THE BROTHERWISE DISPATCH, VOL.3, ISSUE#3, JUNE-AUGUST/2018
‘‘Afropessimism’’ came out of ‘‘Afro-pessimism.’’ The elimination of the hyphen is an important development, since it dispels ambiguity and in effect announces a specific mode of thought. Should the hyphen remain, the ambiguity would be between pessimistic people of African descent and theoretical pessimism. The conjoined, theoretical term is what proponents often have in mind in their diagnosis of what I shall call ‘‘the black condition.’’ The appeal to a black condition is peculiarly existential. Existentialists reject notions of human ‘‘nature’’ on the grounds that human beings live in worlds they also construct; they produce their so-called essence. That does not mean, however, human beings lack anchorage. Everyone has to start from somewhere. Existentialists call that somewhere a condition or conditions for these reasons, and the world human beings produce or through which we live is sometimes called ‘‘human reality.’’
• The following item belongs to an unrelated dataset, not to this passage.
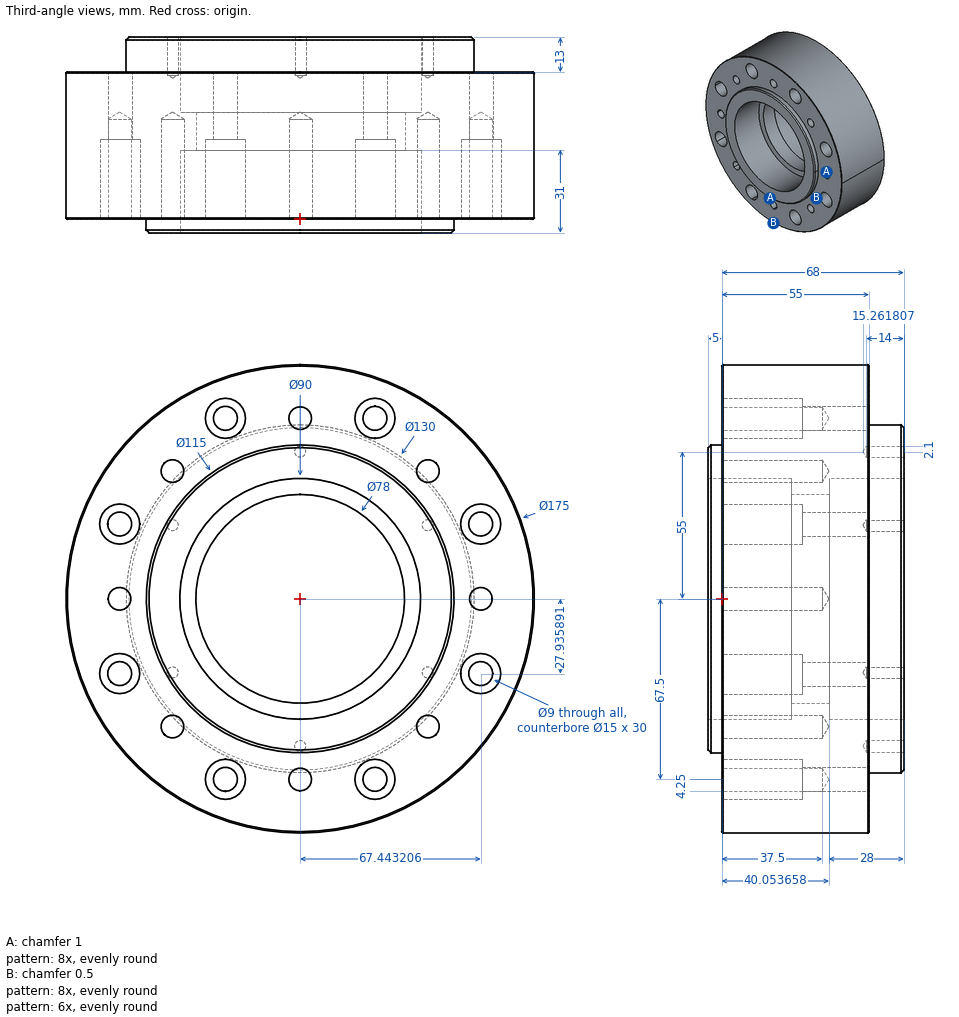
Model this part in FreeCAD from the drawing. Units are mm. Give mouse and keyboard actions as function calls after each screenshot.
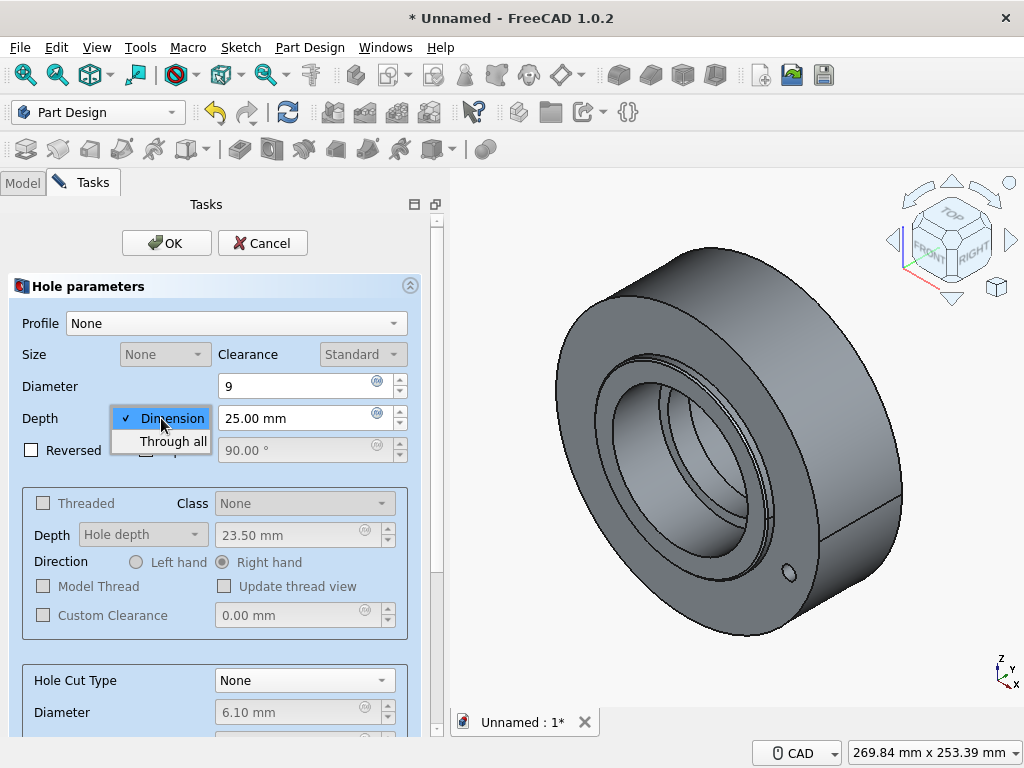
click(160, 442)

Critics of existentialism often reject its human formulation. Heidegger, for instance, in his ‘‘Letter on Humanism,’’ lambasted Sartre for supposedly in effect subordinating Being to a philosophical anthropology with dangers of anthropocentrism (Heidegger, 1971). Yet a philosophical understanding of culture raises the problem of the conditions through which philosophical reflections could emerge as meaningful. Although a human activity, a more radical understanding of culture raises the question of the human being as the producer of an open reality. If the human being is in the making, then ‘‘human reality’’ is never complete and is more the relations in which such thought takes place than a claim about the thought. The etymology of existence already points to these elements. From the Latin ex sistere, ‘‘to stand out,’’ it also means to appear; against invisibility in the stream of effects through which the human world appears, much appears through the creative and at times alchemic force of human thought and deed. Quarrels with and against existential thought are many. In more recent times, they’ve emerged primarily from Marxists, structuralists, and poststructuralists, even though there were, and continue to be, many existential Marxists and even existentialists with structuralist and poststructuralist leanings.
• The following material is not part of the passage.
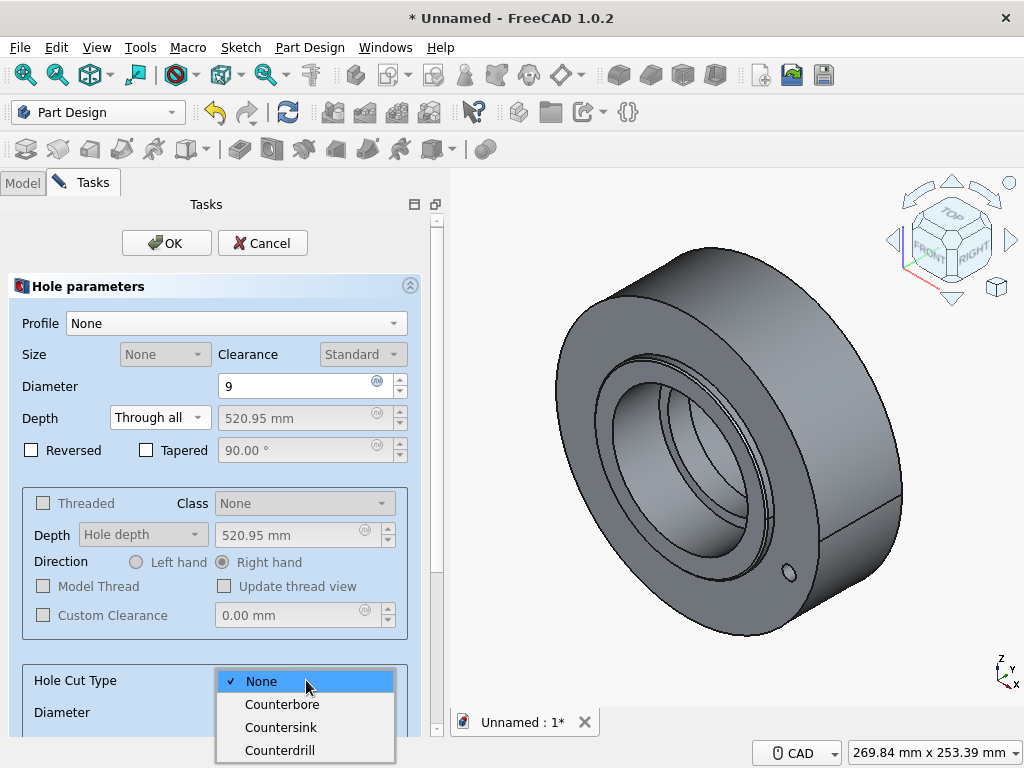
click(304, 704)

I begin with this tale of philosophical abstraction to contextualize Afropessimism. Its main exemplars, such as Jared Sexton and Frank Wilderson III, emerged from academic literary theory, an area dominated by poststructuralism even in many cases that avow ‘‘Marxism.’’ Sexton (2010) and Wilderson (2007) divert from a reductive poststructuralism, however, through examining important existential moves inaugurated, as Daniel McNeil (2011, 2012) observed, by Fanon and his intellectual heirs. The critical question that Afropessimism addresses in this fusion is the viability of posed strategies of Black liberation. (I’m using the capital ‘‘B’’ here to point not only to the racial designation ‘‘black’’ but also to the nationalist one ‘‘Black.’’ Afropessimists often mean both, since blacks and Blacks have a central and centered role in their thought.) The world that produced blacks and in consequence Blacks is, for Afropessimists, a crushing, historical one whose Manichaean divide is sustained contraries best kept segregated. Worse, any effort of mediation leads to confirmed black subordination. Overcoming this requires purging the world of antiblackness. Where cleansing the world is unachievable, an alternative is to disarm the force of antiblack racism. Where whites lack power over blacks, they lose relevance – at least politically and at levels of cultural and racial capital or hegemony. Wilderson (2008), for instance, explores my concept of ‘‘an antiblack world’’ to build similar arguments. Sexton (2011) makes similar moves in his discussions of ‘‘social death.’’ As this forum doesn’t afford space for a long critique, I’ll offer several, non-exhaustive criticisms.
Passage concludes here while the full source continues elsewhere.